他记得当年初识陶媛之时,她便是身穿着一身红裙,鲜艳似火一般涌进他的世界。
这红晃晃的眼色,让他下意识抬起头来,看见陶媛穿着一件红色长款毛衣裙、搭配白色羊毛大衣,顶着一头栗色的梨花头,手里拿着一款信封包站在门口。
刚刚才过了年,陶媛这一身喜庆又应景,红白相间的衬托之下,她白皙的脸庞显得娇媚许多,相比于之前的沉重,她整个人也显得年轻了许多。
“陶媛姐,你来啦,快请坐——”
宋锦瑜见陶媛出现,于是立刻起身招呼,并把自己的位置让了出来。
他的位置本就在司徒墨的旁边,他这么一让,陶媛正好坐在司徒墨的旁边。
陶媛入座之时,司徒墨闻到一股熟悉的、淡雅的香味,这香味是祖马龙英国梨与小苍兰香水的气味,是司徒墨从前最喜欢的一款香水。
没想到,陶媛如今依然在用。
司徒墨心里微微一怔,却并未言语什么,他眉宇间微微蹙起淡淡的折痕,端起杯中酒浅浅啜了一口,并未扭头看陶媛一眼。

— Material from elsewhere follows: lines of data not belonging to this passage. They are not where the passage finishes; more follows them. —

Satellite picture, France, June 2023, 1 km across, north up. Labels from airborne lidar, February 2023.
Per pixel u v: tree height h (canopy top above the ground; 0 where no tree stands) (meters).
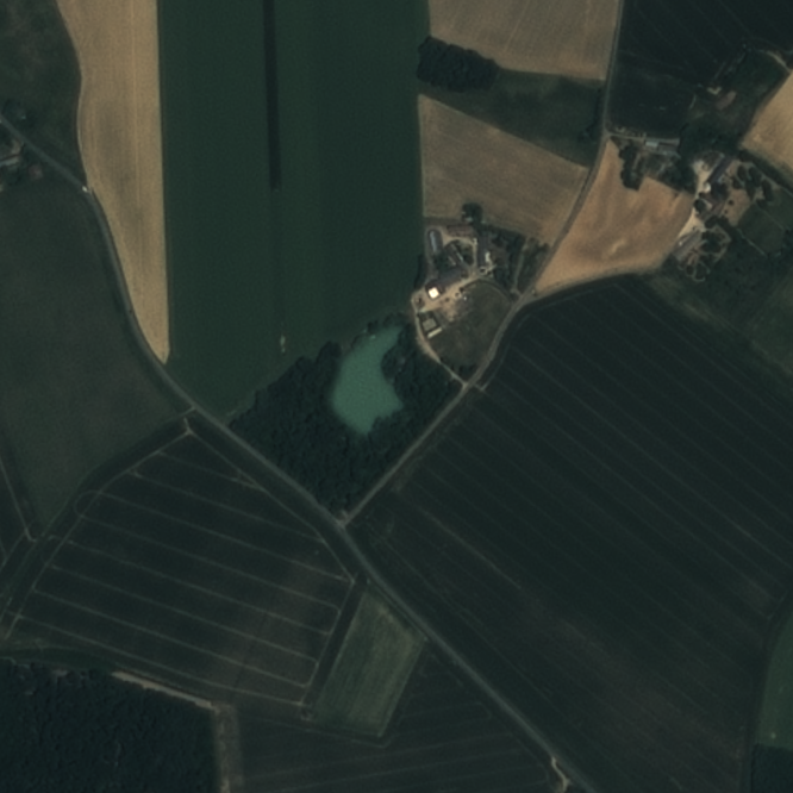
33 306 0
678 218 0
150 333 0
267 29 0
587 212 0
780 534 0
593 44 0
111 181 0
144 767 19
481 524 0
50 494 0
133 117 0
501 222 0
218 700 0
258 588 0
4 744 16
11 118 7
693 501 0
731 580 0
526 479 0
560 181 0
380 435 18
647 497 0
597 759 0
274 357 0
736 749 0
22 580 0
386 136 0
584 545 0
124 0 0
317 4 0
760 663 0
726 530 0
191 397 0
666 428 0
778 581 0
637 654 0
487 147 0
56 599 0
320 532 0
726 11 0
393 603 0
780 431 0
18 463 0
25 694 20
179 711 15
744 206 0
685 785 0
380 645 0
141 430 0
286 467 7
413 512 0
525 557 0
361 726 0
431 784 0
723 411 0
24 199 0
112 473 0
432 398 10
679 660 0
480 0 0
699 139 12
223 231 0
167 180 0
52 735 19
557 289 0
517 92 0
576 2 0
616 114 0
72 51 0
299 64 0
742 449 0
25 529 0
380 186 0
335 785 0
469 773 0
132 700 19
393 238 0
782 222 0
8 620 0
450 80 11
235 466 0
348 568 0
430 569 0
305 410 18
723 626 0
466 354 0
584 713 0
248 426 15
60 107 0
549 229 0
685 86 0
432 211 0
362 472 16
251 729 0
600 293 0
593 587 0
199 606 0
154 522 0
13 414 0
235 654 0
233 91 0
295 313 0
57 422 0
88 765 15
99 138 0
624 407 0
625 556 0
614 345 0
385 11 0
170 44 0
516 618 0
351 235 0
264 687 0
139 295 0
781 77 0
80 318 0
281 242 0
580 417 0
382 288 0
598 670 0
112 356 0
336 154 0
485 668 0
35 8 0
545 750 0
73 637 0
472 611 0
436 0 0
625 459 0
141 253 0
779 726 0
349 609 0
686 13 0
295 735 0
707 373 0
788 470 0
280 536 0
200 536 0
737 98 0
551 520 0
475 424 0
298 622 0
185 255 0
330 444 21
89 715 18
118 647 0
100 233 0
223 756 0
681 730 0
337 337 0
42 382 0
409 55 0
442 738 0
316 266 0
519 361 0
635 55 0
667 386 0
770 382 0
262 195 0
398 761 0
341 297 0
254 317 0
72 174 0
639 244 0
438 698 0
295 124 0
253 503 0
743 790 0
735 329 0
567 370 0
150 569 0
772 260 9
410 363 9
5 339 0
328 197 0
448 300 0
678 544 0
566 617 0
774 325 0
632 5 0
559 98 0
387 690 0
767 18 0
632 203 0
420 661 0
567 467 0
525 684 0
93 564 0
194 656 0
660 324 0
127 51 0
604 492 0
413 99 0
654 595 0
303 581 0
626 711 0
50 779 15
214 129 0
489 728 0
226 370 0
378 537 0
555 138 0
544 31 0
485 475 0
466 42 0
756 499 0
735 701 0
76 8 0
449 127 0
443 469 0
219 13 0
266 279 0
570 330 0
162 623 0
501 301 0
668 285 0
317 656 0
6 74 0
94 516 0
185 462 0
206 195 0
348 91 0
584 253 0
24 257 0
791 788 14
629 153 7
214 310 0
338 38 0
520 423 0
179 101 0
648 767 0
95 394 0
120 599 0
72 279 0
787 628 0
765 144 0

“我给大家介绍下,这位是祺润的总经理陶媛,她是怼怼和师傅的故友,和我关系也不错。陶媛,这两位都是墨兰现在的师傅,这位是赵德,这位是孙云,这边是学徒饺子和他朋友安子。”
宋锦瑜端着酒杯站起身来,为他们一一做了介绍。
“两位师傅好,我敬你们一杯——”
陶媛顺势站起身来,端起酒杯,对赵德和孙云说道。
司徒墨眉宇间的折痕顿时更深了一层。
他分明记得,陶媛有胃病,按道理是不能饮酒的,可是她一眨眼,却直接把一小杯高度白酒一仰而尽。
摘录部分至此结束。